## [Instructions for the task]
Go through the material below and copy each line where the word "list" appears.

## [Available data]

###

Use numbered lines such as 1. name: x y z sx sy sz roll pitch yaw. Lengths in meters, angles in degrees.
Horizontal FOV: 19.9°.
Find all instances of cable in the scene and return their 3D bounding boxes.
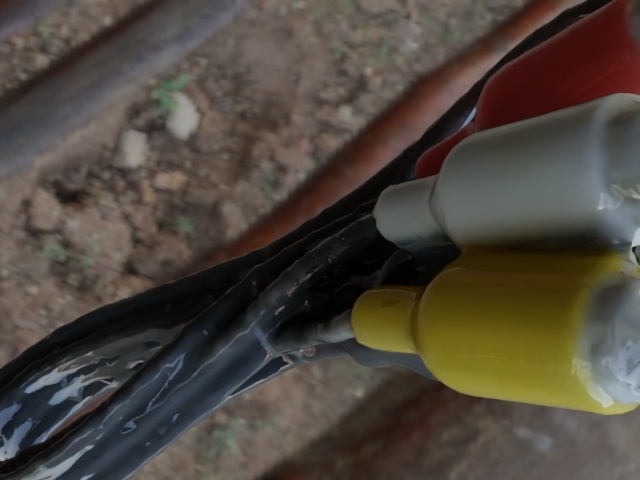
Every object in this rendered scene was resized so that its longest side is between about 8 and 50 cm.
1. cable: 0.000 0.000 0.477 0.072 0.287 0.139 45 47 -36
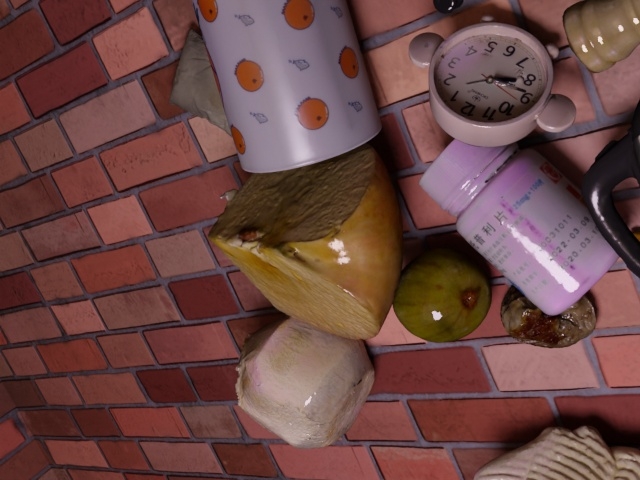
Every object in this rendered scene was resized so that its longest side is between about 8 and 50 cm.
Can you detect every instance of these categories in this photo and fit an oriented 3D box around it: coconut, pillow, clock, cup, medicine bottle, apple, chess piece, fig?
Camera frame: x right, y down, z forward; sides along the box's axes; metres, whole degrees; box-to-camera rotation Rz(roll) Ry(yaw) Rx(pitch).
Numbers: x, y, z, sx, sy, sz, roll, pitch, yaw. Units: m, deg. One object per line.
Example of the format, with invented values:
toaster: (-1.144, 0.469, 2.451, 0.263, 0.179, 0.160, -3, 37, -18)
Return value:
coconut: (-0.038, 0.238, 1.507, 0.230, 0.227, 0.227, 29, 131, 21)
pillow: (-0.146, -0.233, 1.414, 0.229, 0.050, 0.148, 33, 136, 15)
clock: (0.212, -0.195, 1.078, 0.229, 0.156, 0.063, 30, 164, 17)
cup: (-0.054, -0.280, 1.198, 0.212, 0.212, 0.317, 0, 114, 39)
medicine bottle: (0.263, -0.035, 1.137, 0.254, 0.152, 0.152, 43, 135, 8)
apple: (0.000, 0.000, 1.281, 0.309, 0.252, 0.314, 7, 100, 46)
chess piece: (0.375, -0.266, 0.947, 0.200, 0.090, 0.090, -25, 99, 43)
fig: (0.172, 0.074, 1.305, 0.186, 0.148, 0.142, 34, 99, 53)

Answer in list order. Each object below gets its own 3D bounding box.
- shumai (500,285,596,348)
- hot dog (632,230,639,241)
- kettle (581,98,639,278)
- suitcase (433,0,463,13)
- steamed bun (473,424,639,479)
shumai: (0.313, 0.117, 1.243, 0.123, 0.105, 0.139, 58, 161, -11)
hot dog: (0.459, 0.004, 1.090, 0.137, 0.028, 0.044, -6, 86, 38)
kettle: (0.452, -0.066, 0.958, 0.271, 0.207, 0.251, 54, 168, 9)
suitcase: (0.219, -0.419, 0.872, 0.152, 0.229, 0.335, 46, 136, 5)
steamed bun: (0.395, 0.420, 1.260, 0.320, 0.275, 0.206, 43, 174, 49)
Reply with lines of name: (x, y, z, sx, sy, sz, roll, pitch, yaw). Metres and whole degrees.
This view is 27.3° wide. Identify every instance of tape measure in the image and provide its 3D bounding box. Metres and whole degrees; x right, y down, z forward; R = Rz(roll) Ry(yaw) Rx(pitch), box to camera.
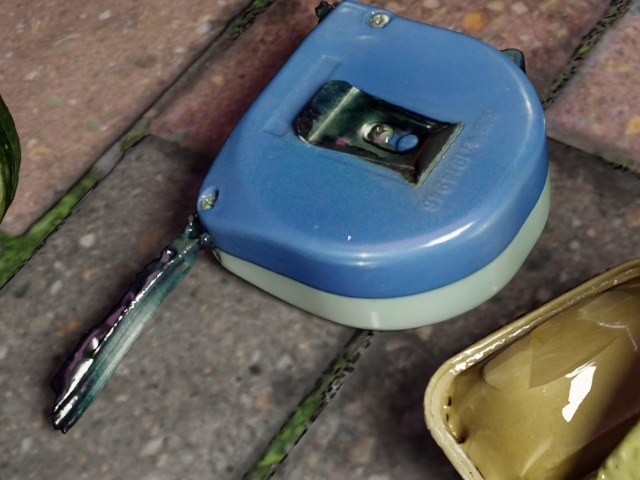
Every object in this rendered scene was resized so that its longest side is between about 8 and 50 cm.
tape measure: (0.000, 0.000, 0.812, 0.215, 0.098, 0.351, 21, 62, 28)

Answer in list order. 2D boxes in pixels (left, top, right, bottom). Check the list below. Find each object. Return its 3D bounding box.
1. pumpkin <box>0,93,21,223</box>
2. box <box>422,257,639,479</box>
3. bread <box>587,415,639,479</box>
pumpkin: (-0.317, -0.052, 0.863, 0.237, 0.159, 0.238, -14, 24, 6)
box: (0.146, 0.082, 0.706, 0.177, 0.111, 0.111, -29, 52, -10)
bread: (0.216, 0.110, 0.503, 0.244, 0.362, 0.233, -23, 51, -9)
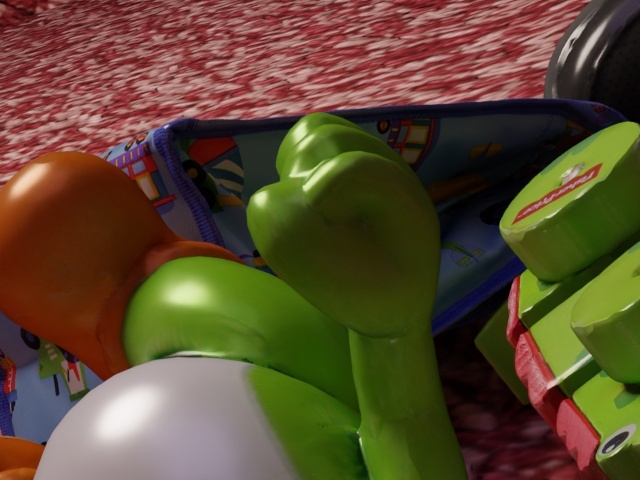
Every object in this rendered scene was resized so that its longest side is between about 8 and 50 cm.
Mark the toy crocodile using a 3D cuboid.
[{"bbox_3d":[0.115,0.046,0.630,0.105,0.115,0.340,-39,13,6],"label":"toy crocodile"}]

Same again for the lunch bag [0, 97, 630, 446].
[{"bbox_3d":[0.000,0.000,0.885,0.293,0.138,0.221,-22,0,-40],"label":"lunch bag"}]

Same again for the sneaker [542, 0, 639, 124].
[{"bbox_3d":[0.276,-0.110,0.924,0.341,0.125,0.139,-19,17,8],"label":"sneaker"}]

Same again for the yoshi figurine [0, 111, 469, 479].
[{"bbox_3d":[-0.027,0.087,0.461,0.203,0.203,0.362,-20,29,-28],"label":"yoshi figurine"}]

###

## [Output for this task]
Answer in list order. Each object below gets its own 3D bounding box.
Answer in list order. 2D boxes in pixels (left, top, right, bottom). Check the list below. Find each object. Return its 3D bounding box.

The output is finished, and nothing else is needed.